A second stem cell transplant might be an option for some patients, especially if they had a good response to their first transplant and a long period of remission. This intensive treatment involves high-dose chemotherapy followed by the infusion of healthy blood-forming stem cells. Clinical trials are also an important consideration for patients with relapsed myeloma, offering access to investigational therapies and novel combinations.
Managing Multiple Myeloma as a Chronic Condition
Advances have transformed multiple myeloma into a condition often managed over many years, similar to a chronic disease. This involves sequential therapy, using different treatments as the disease progresses or resistance develops. The goal is to control cancer, manage symptoms, and maintain quality of life.
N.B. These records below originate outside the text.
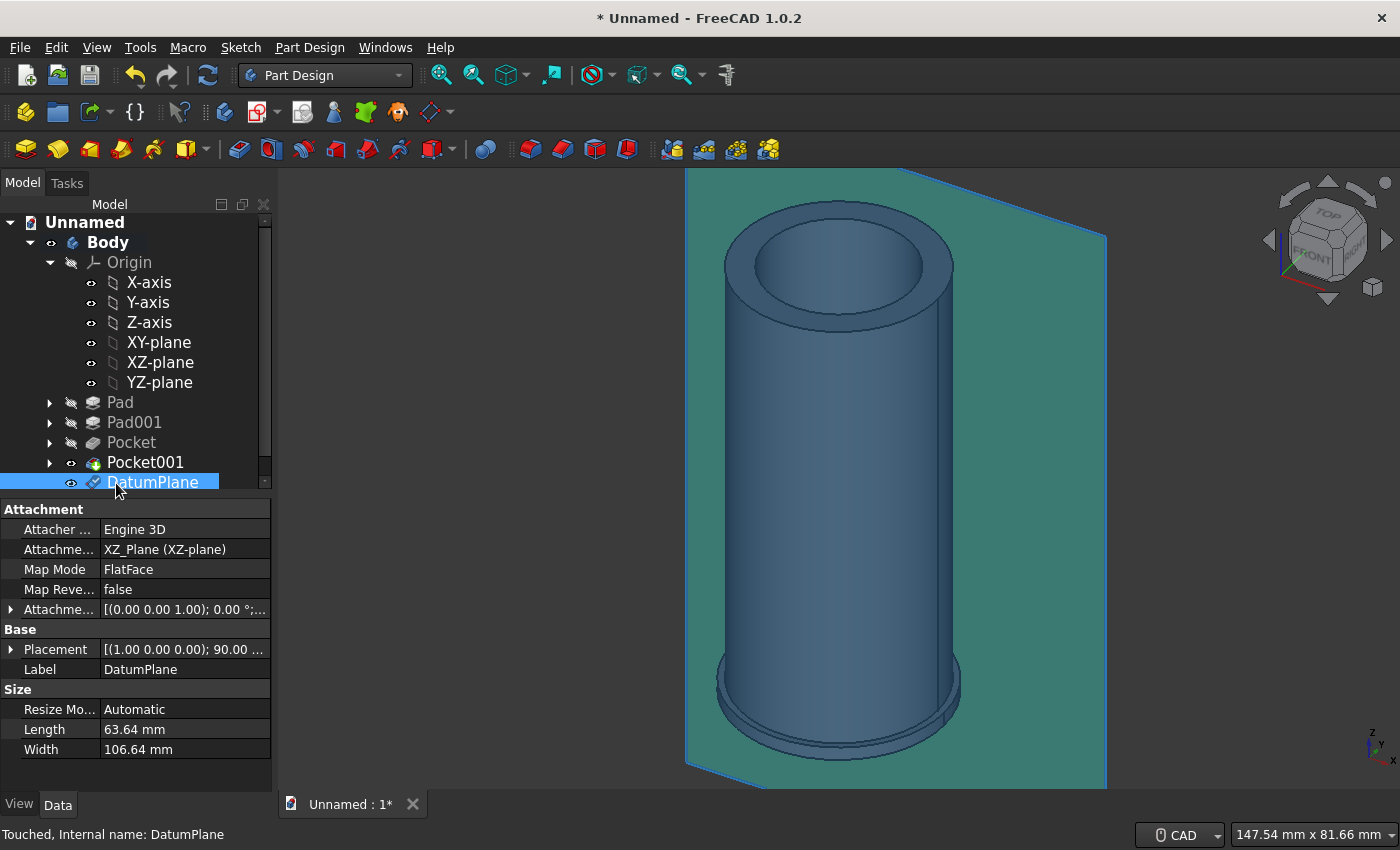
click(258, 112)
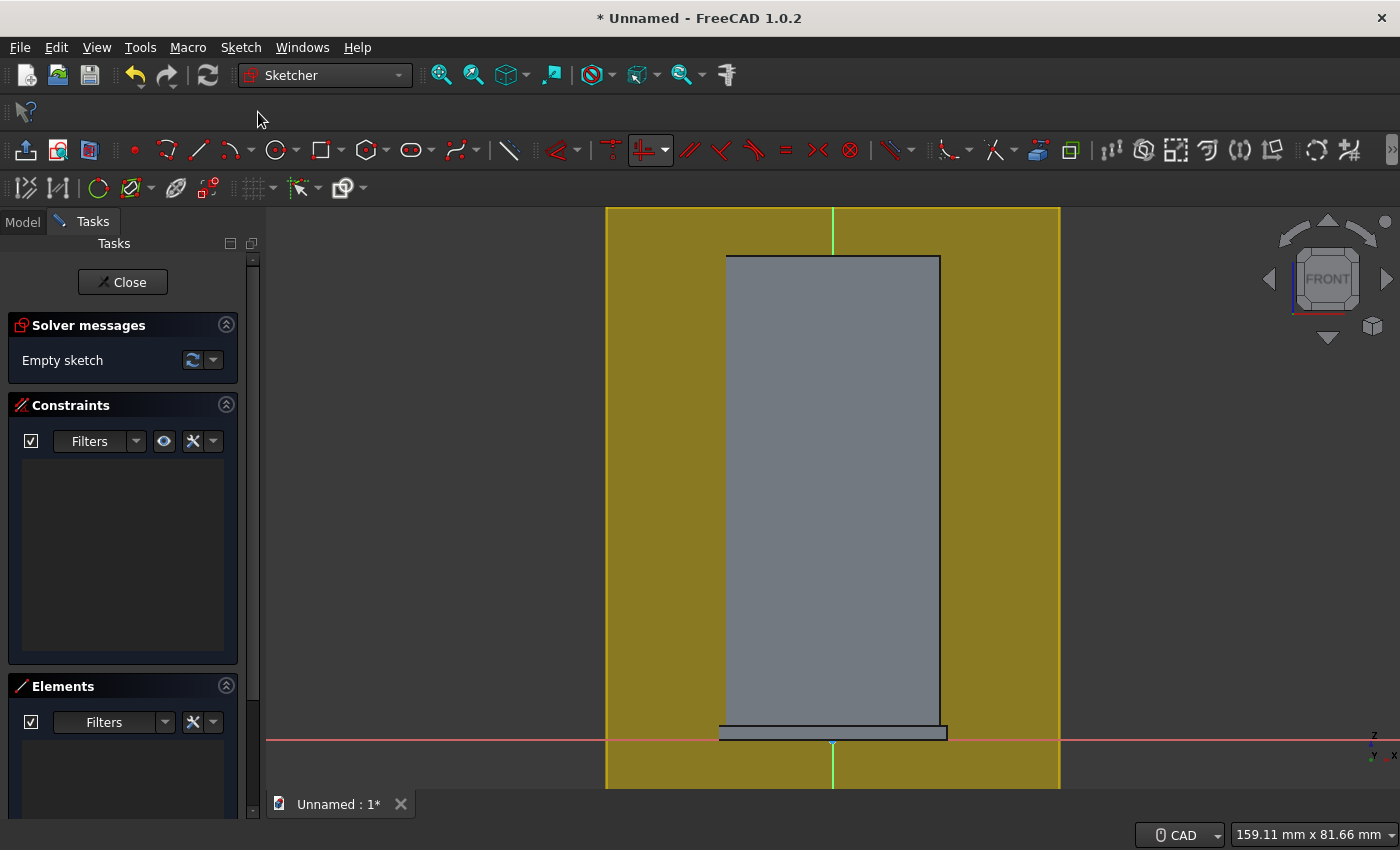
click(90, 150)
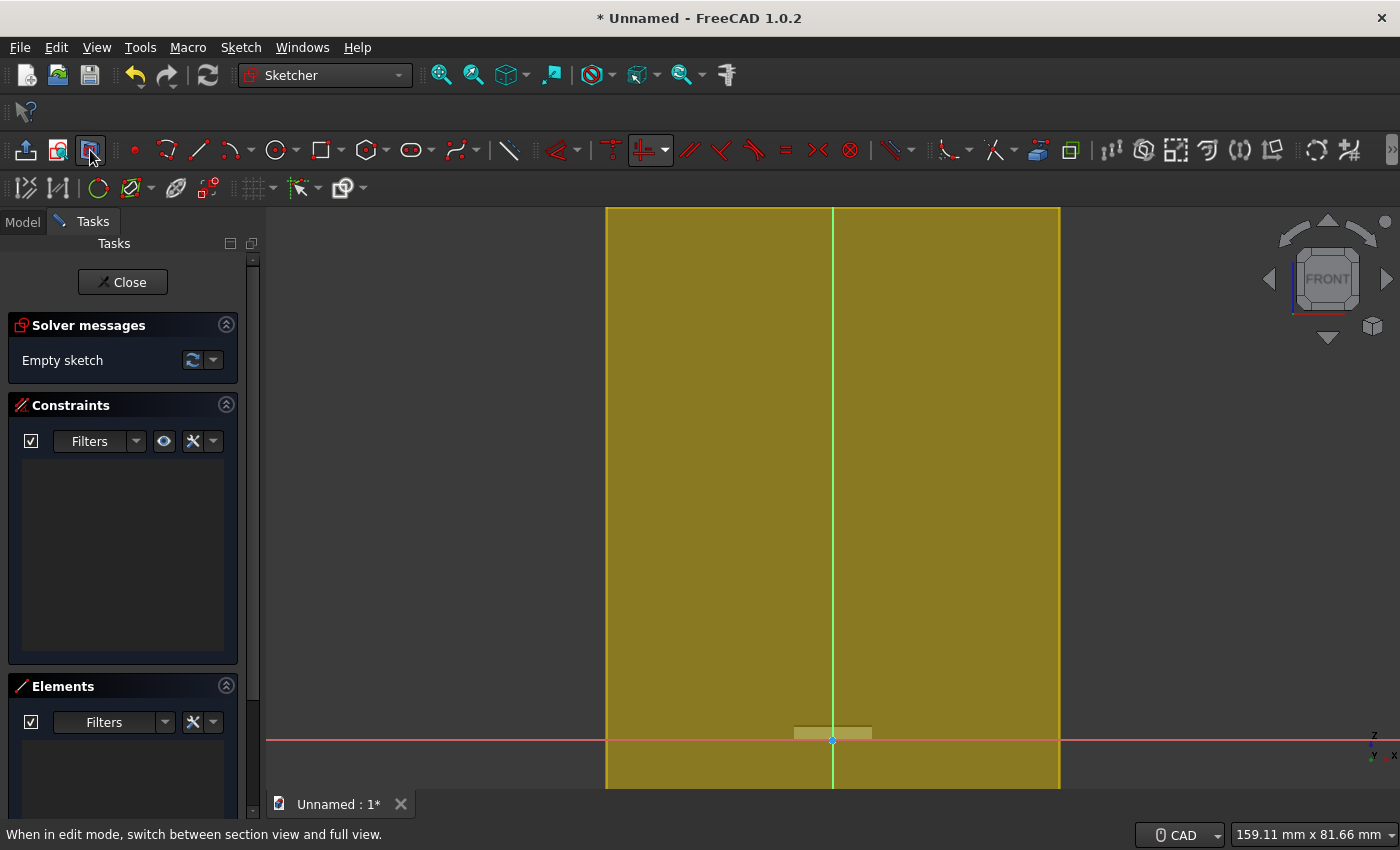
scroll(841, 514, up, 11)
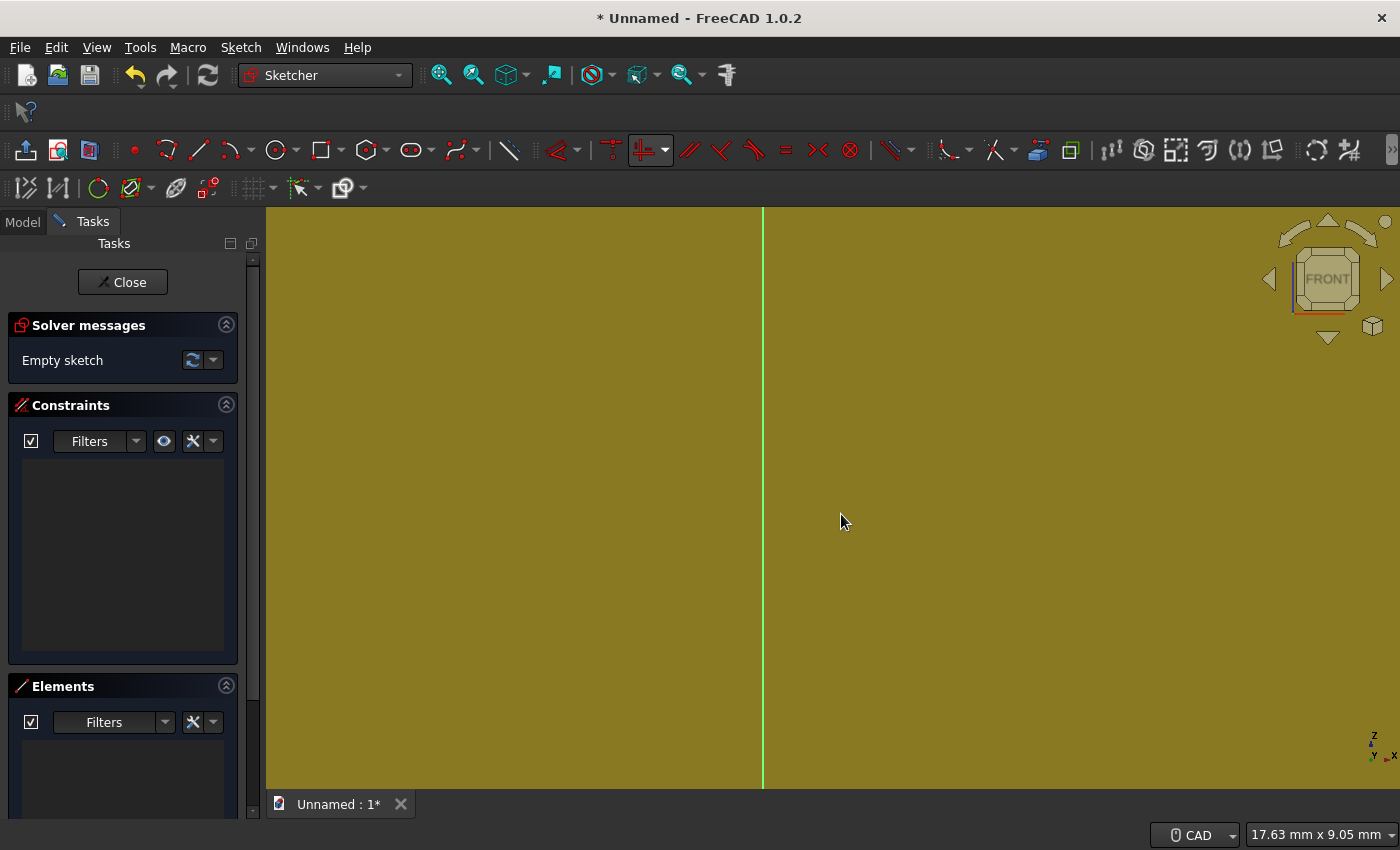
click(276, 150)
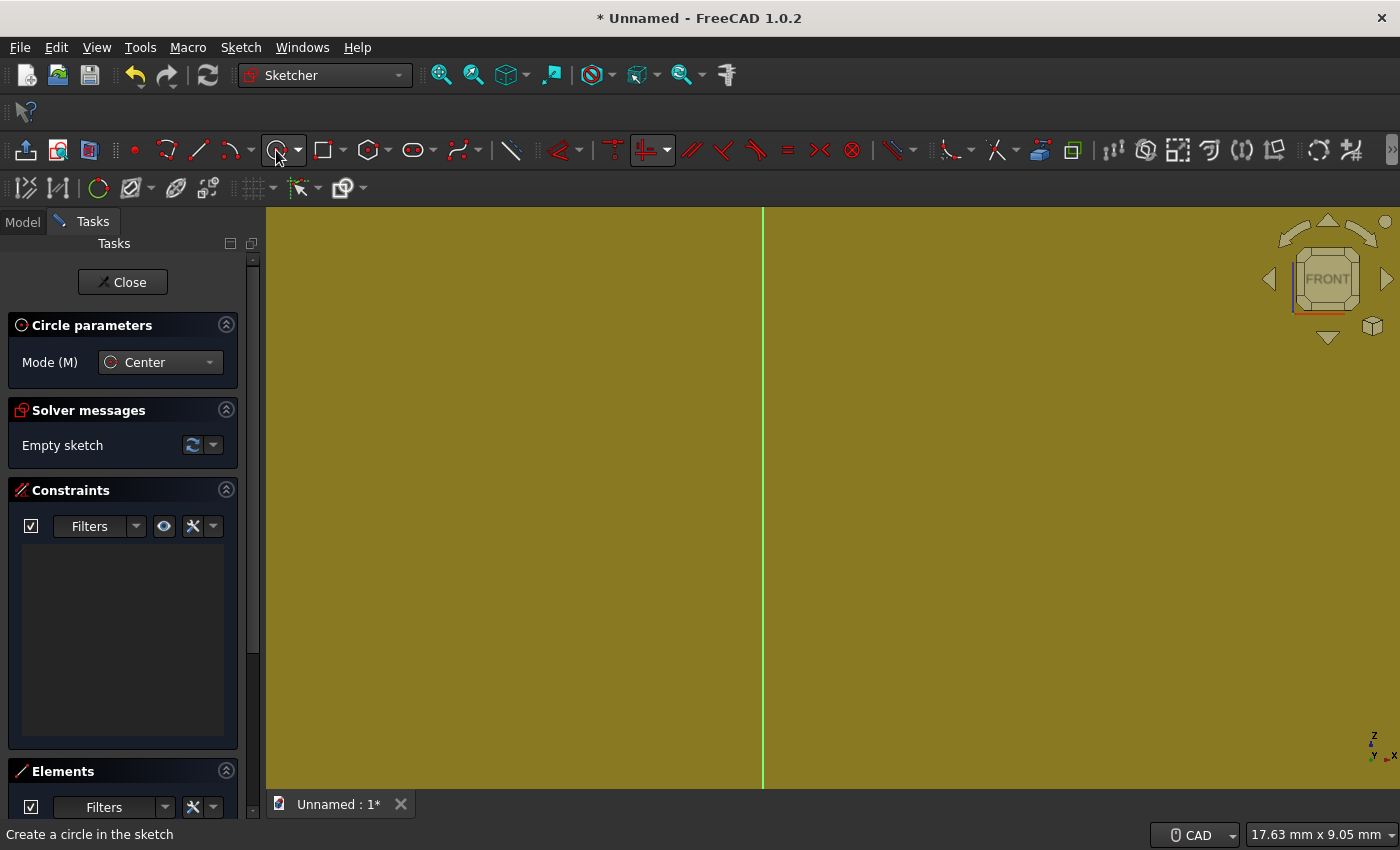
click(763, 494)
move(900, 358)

Long-term management includes targeting cancer cells and providing comprehensive palliative and supportive care. Palliative care focuses on relieving symptoms, pain, and stress associated with the disease and its treatments, beneficial at any illness stage. This includes managing pain, common due to bone involvement, through medications or radiation therapy.
Supportive care addresses other challenges like fatigue and peripheral neuropathy (nerve damage from disease or therapies). Nutritional support, physical therapy, and psychosocial care (emotional and spiritual support) are also components of holistic care. Integrating these aspects helps individuals live more comfortably and maintain well-being while navigating multiple myeloma.